__PROBLEM TO WORK ON__. Below are some records. Return exactly the lines from the one containing "- mug (698,483,772,579)" through the one containing "- hammer (360,264,608,439)", both included, and only those.

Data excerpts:
—————

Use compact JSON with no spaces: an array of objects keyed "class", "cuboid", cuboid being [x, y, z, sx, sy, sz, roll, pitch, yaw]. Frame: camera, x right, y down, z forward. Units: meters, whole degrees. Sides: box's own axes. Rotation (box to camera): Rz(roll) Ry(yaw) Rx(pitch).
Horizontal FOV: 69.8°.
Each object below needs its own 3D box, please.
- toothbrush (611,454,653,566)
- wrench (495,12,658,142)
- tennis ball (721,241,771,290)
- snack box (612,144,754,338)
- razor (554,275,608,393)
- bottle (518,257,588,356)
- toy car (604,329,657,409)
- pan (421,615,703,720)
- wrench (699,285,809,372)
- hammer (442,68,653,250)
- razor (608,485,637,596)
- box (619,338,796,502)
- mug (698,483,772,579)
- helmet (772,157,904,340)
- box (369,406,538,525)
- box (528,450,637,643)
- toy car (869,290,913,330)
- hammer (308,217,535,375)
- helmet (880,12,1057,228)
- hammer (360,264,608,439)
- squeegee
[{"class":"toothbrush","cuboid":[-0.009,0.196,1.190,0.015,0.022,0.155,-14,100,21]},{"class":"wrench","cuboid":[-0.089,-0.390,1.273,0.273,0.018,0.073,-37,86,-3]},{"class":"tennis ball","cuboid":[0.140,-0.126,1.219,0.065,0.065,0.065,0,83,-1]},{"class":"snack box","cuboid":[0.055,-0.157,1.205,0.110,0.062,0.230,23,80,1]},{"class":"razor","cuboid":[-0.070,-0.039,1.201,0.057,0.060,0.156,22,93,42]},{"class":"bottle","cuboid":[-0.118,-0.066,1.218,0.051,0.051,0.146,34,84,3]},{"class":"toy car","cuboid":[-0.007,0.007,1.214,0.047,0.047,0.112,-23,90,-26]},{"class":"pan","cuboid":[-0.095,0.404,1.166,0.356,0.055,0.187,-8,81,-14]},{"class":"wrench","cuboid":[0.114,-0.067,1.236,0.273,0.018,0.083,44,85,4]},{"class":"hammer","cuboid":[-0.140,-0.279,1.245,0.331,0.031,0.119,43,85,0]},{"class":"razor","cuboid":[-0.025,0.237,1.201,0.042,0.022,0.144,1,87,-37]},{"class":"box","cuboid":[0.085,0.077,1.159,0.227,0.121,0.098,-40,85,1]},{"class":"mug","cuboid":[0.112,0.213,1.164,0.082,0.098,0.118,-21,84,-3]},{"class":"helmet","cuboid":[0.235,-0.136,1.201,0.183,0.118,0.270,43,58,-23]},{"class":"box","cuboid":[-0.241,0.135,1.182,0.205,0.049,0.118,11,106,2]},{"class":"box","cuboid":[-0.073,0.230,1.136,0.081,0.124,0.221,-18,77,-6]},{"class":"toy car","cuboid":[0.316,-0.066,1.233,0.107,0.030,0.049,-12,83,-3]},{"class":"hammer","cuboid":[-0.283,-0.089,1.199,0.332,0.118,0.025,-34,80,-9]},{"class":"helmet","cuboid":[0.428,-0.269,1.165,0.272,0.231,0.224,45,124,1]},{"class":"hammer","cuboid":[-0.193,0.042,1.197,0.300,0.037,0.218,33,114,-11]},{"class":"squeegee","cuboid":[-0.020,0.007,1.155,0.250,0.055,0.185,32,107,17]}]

—————

__ANSWER SECTION__.
- mug (698,483,772,579)
- helmet (772,157,904,340)
- box (369,406,538,525)
- box (528,450,637,643)
- toy car (869,290,913,330)
- hammer (308,217,535,375)
- helmet (880,12,1057,228)
- hammer (360,264,608,439)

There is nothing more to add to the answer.